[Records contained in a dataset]
+ + + +
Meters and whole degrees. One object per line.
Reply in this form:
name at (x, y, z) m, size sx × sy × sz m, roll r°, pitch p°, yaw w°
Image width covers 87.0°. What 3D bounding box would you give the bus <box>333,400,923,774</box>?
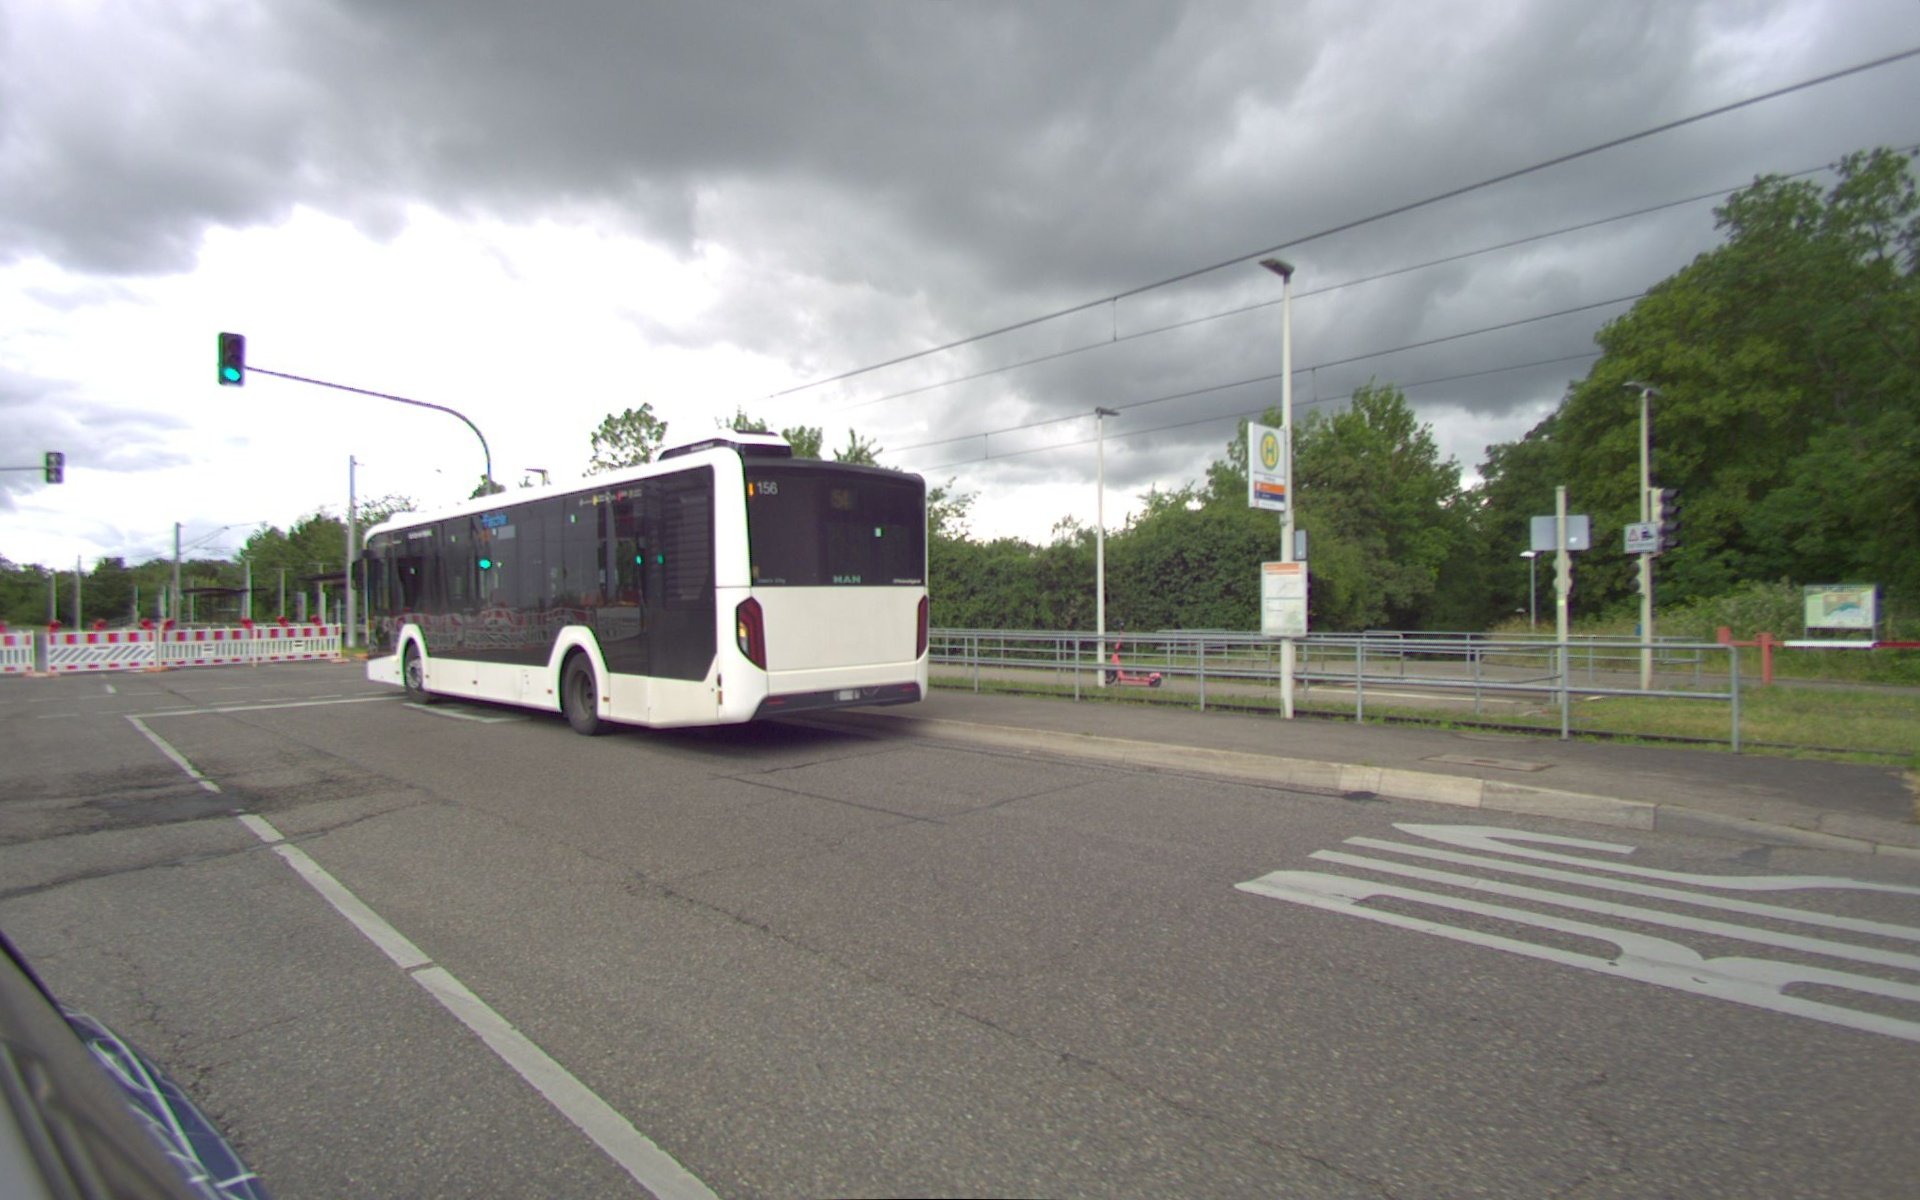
bus at (-5.588, -0.054, 14.015) m, size 2.635 × 3.227 × 12.207 m, roll 1°, pitch -1°, yaw -44°
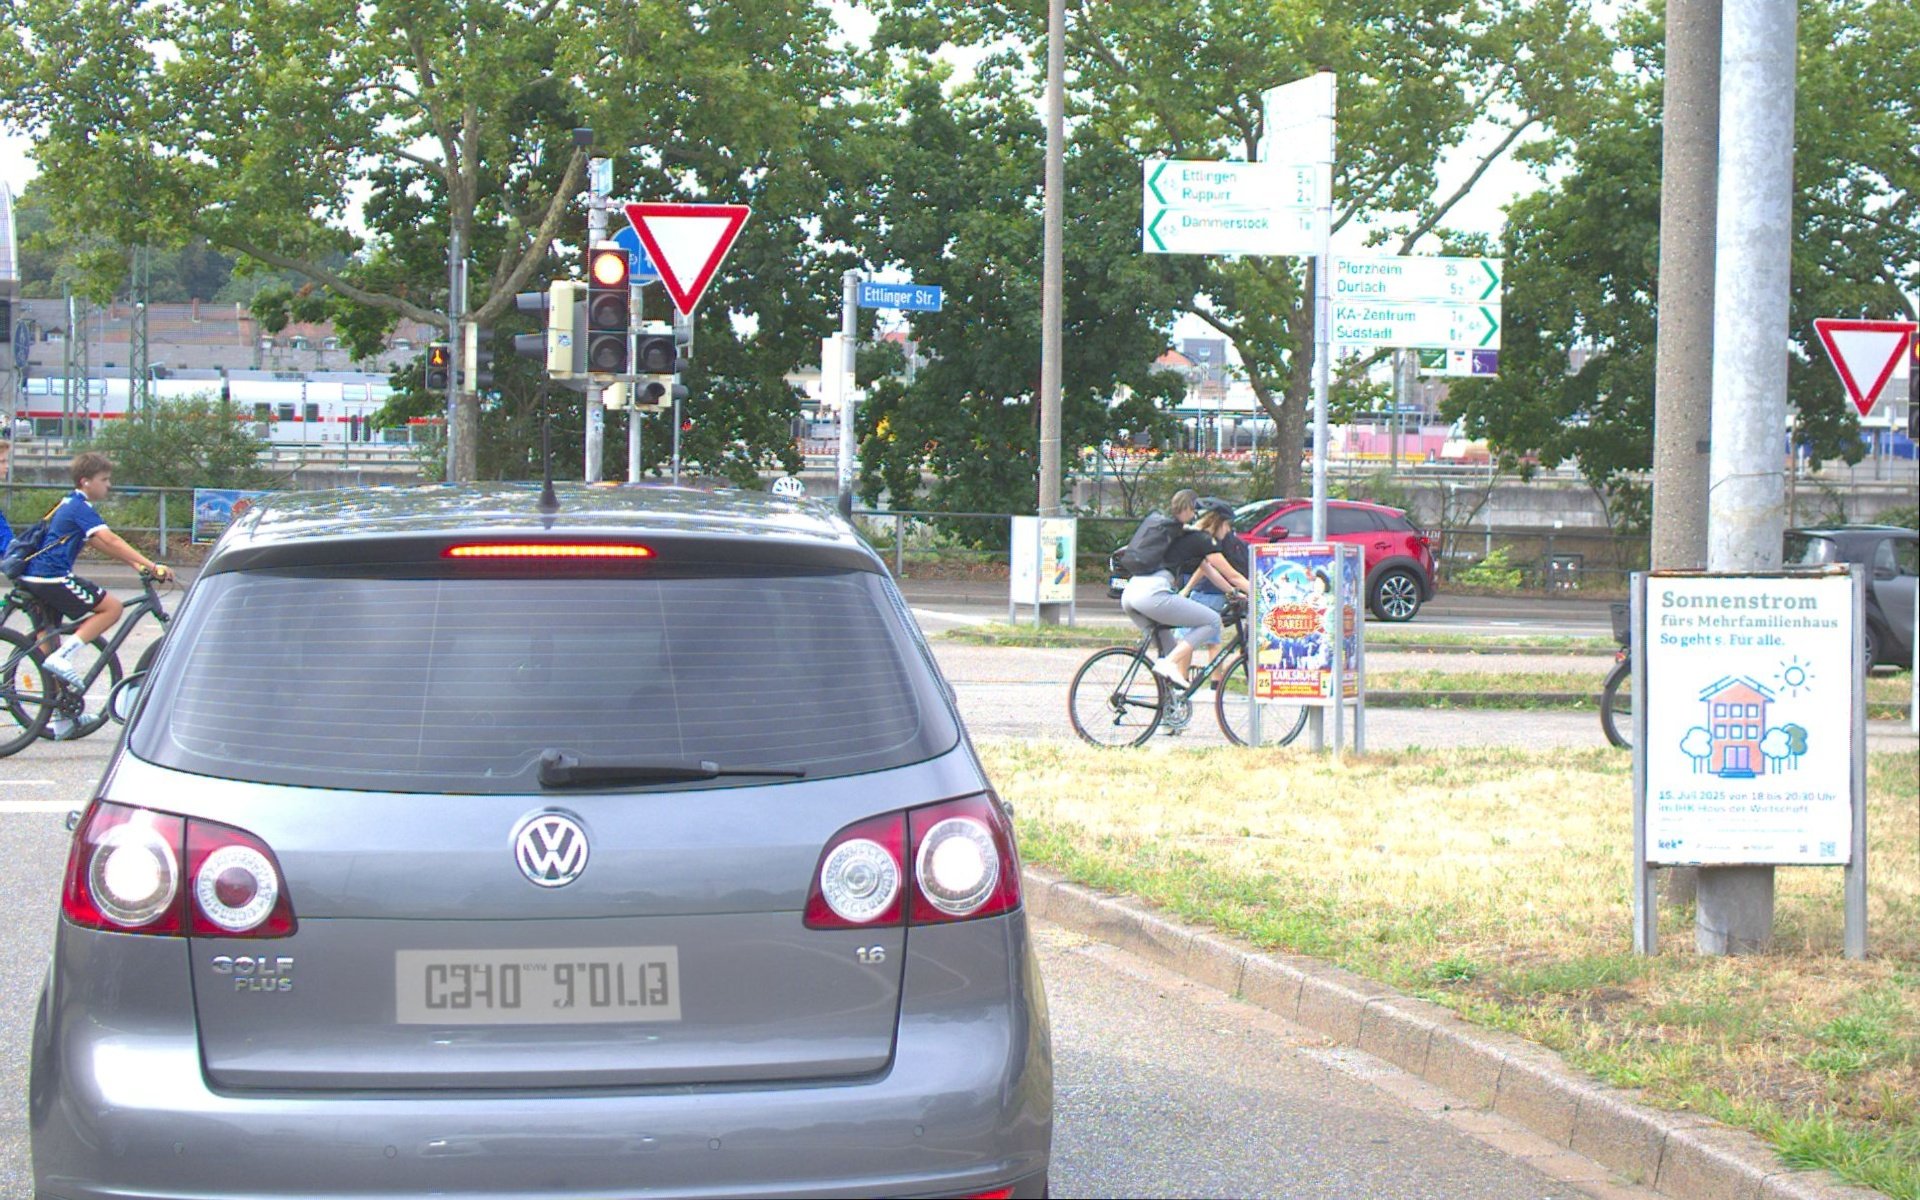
+ + + +
[Assigned task] In the entries above, find the line containing "Image width covers", then please retype it and every line after it through the last, exactly as written, omitting pictures.

[Exercise solution]
Image width covers 87.0°. What 3D bounding box would you give the bus <box>333,400,923,774</box>?
bus at (-5.588, -0.054, 14.015) m, size 2.635 × 3.227 × 12.207 m, roll 1°, pitch -1°, yaw -44°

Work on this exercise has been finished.